との言は蓋し此の意に外ならじ。若し愛なる神の在(いま)して勇者を一層勇ならしめんとならば、其愛する者をもぎ取るに勝れる方法はなかるべし。
余は余の愛するものの失せしに由(より)て国をも宇宙をもーー時には殆ど神をもーー失ひたり。然れども再び之を回復するや、国は一層愛を増し、宇宙は一層美と荘厳とを加へ、神には一層近きを覚えたり。余の愛する者の肉体は失せて彼の心は余の心と合せり。何ぞ思はん真正の合一は却て彼が失せし後にありしとは。
然り余は万を得て一つを失はず。神も存せり、彼も存せり、国も存せり、自然も存せり。万有は余に取りては彼の失せしが故に改造せられたり。

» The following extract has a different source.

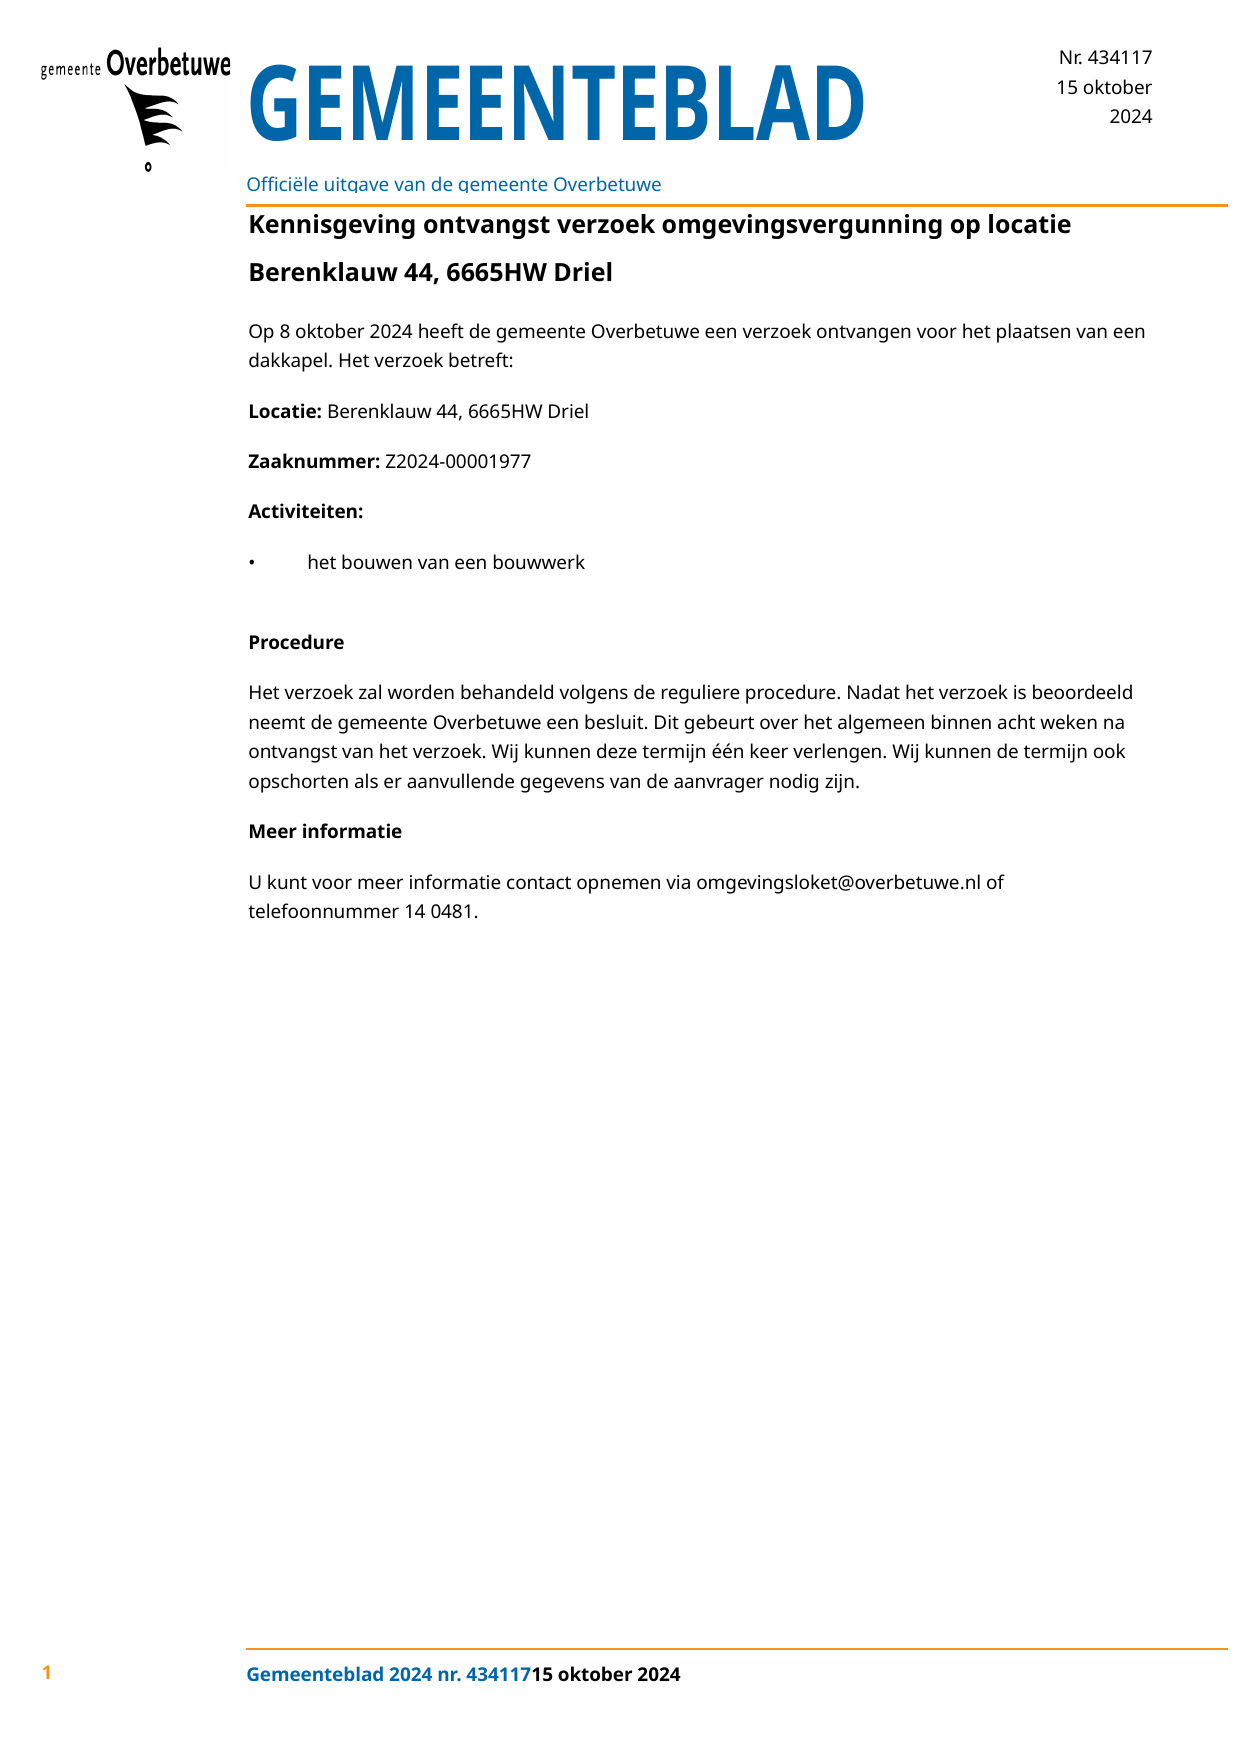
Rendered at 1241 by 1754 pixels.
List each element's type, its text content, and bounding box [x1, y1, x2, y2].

余の得し所之に止まらず、余は天国と縁を結べり。余は天国てふ親戚を得たり。余も亦何時か此涙の郷(さと)を去り、余の勤務(つとめ)を終へて後永き眠に就かん時、余は未知の異郷に赴くにあらざれば、彼が曾て此世に存せし時、彼に会して余の労苦を語り終日の疲労(つかれ)を忘れんと、業務も其苦(く)と辛(しん)とを失ひ、喜悦(よろこび)を以て家に急ぎしが如く、残余の此世の戦闘(たたかひ)も相見ん時を楽みに能く戦ひ終へし後、心嬉しく逝かんのみ。